Question-and-Answer Session
Operator
(Operator Instructions) Your first question comes from Rick Nelson – Stephens Inc.
Rick Nelson – Stephens Inc
Can you talk about same store growth by segment, give us some feel, it looks as if the mix did shift towards service and parts in the quarter. Also, how price increases in equipment to what extent that was reflected in the second quarter results and how much of that we’ll see going forward.
Peter Christianson
First I’d like to clarify myself. I understand that I made a mistake when I was talking about our first six months operations. I had indicated that our operating expenses as a percent of net sales were 13.8% they were not they were 13.1% for the first six months of this year compared to 13% in the first half of 2008. I’m sorry for the error. I just wanted to clear that up.
Talking about our same store sales and basically the sales mix, that’s why we like to give our guidance on an annual basis because of these production cycles and really what we saw was the first quarter being more robust on our sales then actually the mix our parts and service after sales product support remains very steady throughout the year.
As you see the sales revenue number, our top line revenue between our second quarter and our first quarter the second quarter being a little less sales, the equipment sales are really what showed a spike and that will be reflected in that sales mix. Going back to what I originally made a comment on same store sales that’s why it’s so important for us as we talk about same store sales to remember this sales mix.

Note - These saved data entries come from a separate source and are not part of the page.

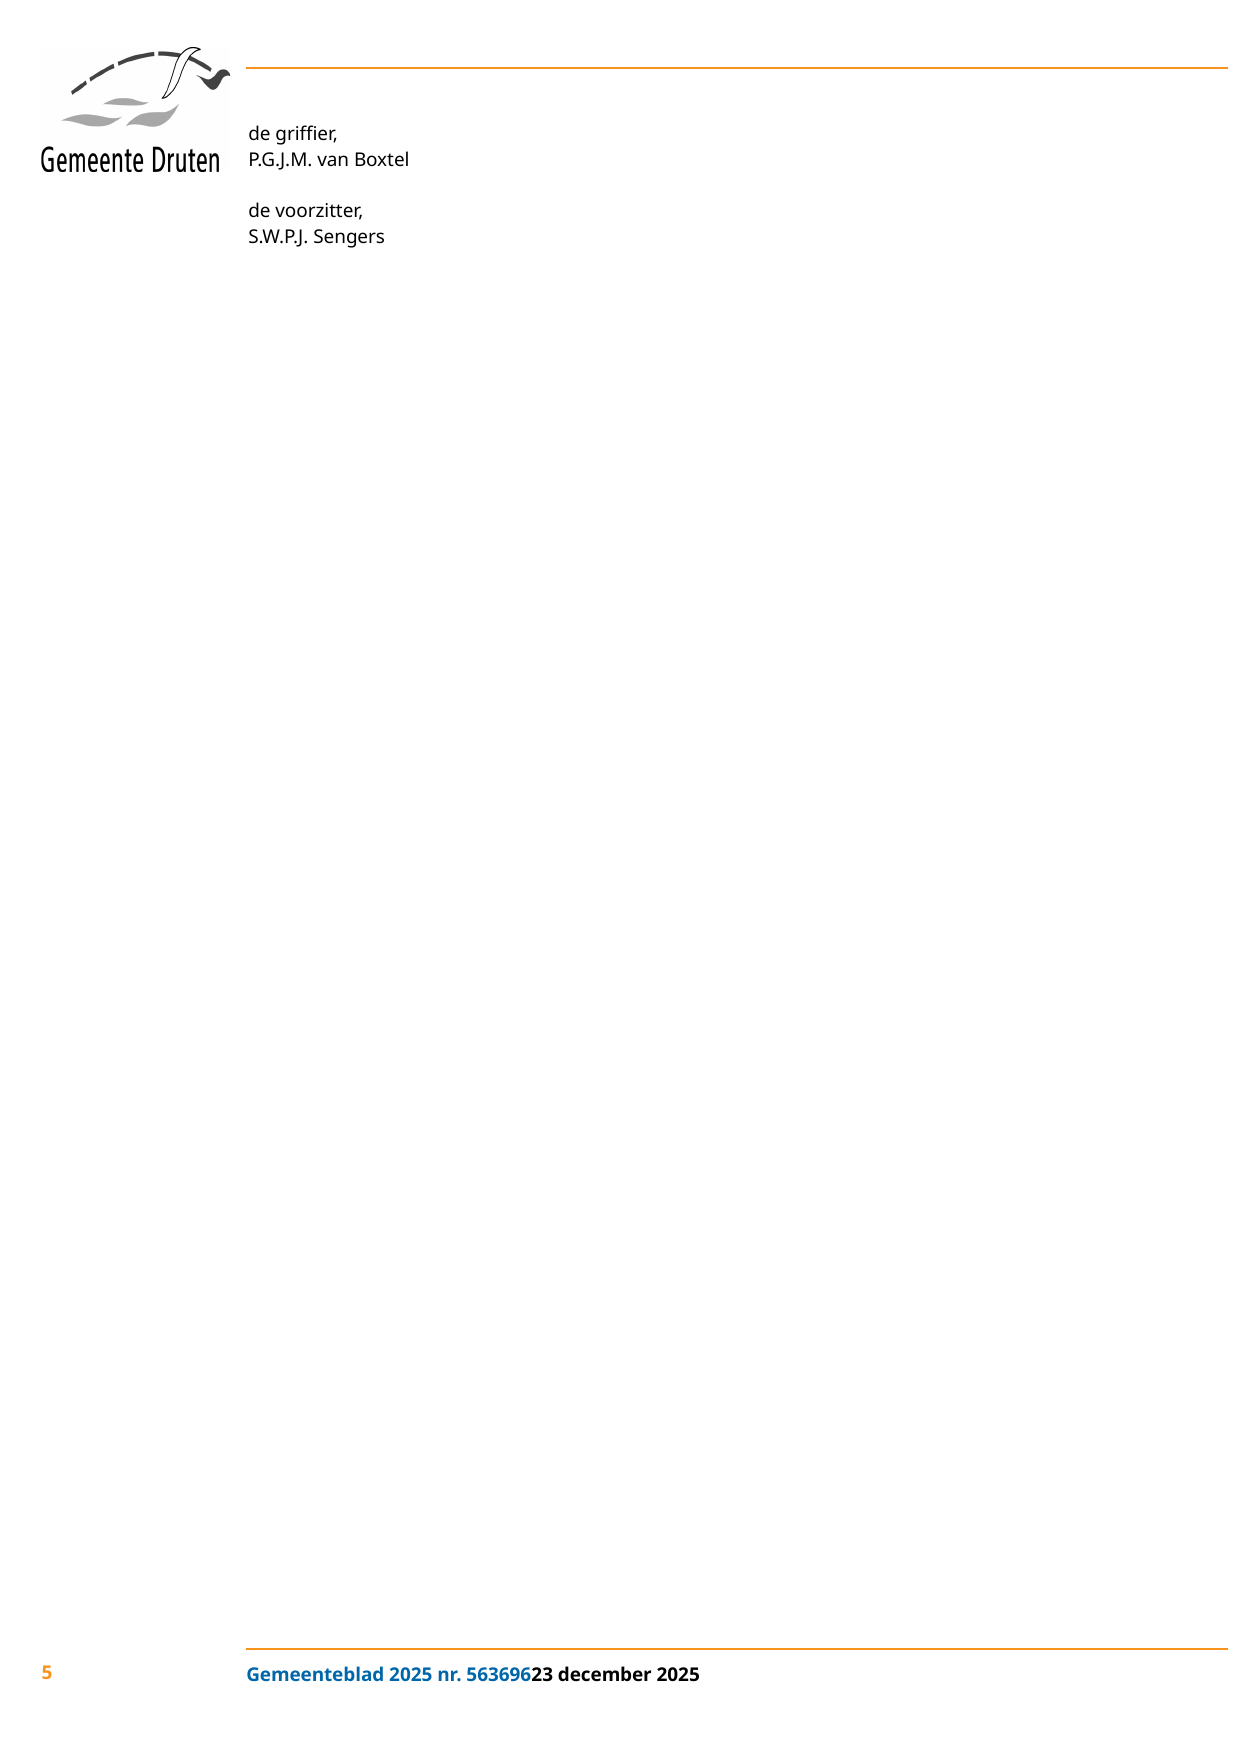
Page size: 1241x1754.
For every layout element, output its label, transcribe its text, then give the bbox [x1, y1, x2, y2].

text S.W.P.J. Sengers [248, 223, 1152, 249]
picture [41, 47, 231, 172]
text de griffier, [248, 121, 1152, 146]
text de voorzitter, [248, 198, 1152, 223]
text P.G.J.M. van Boxtel [248, 146, 1152, 172]

As far as the price on product coming through and the effect of that, Dave.
David Meyer
What we’re seeing on that is most of the product we delivered in the second quarter there was some price protection involved. A lot of it was pre-sold equipment, locked in, pre-surcharge. What we’re seeing is any price increases right now are basically a pass through. As far as from a lot of the growers standpoint at least on the AG side that the price increases we’re seeing on the equipment side are far less than what they’re seeing in fertilizer, fuel, land prices, cash, things like that. Like I said, it’s fairly reasonable pass through type increases which have had very little effect on our bottom line.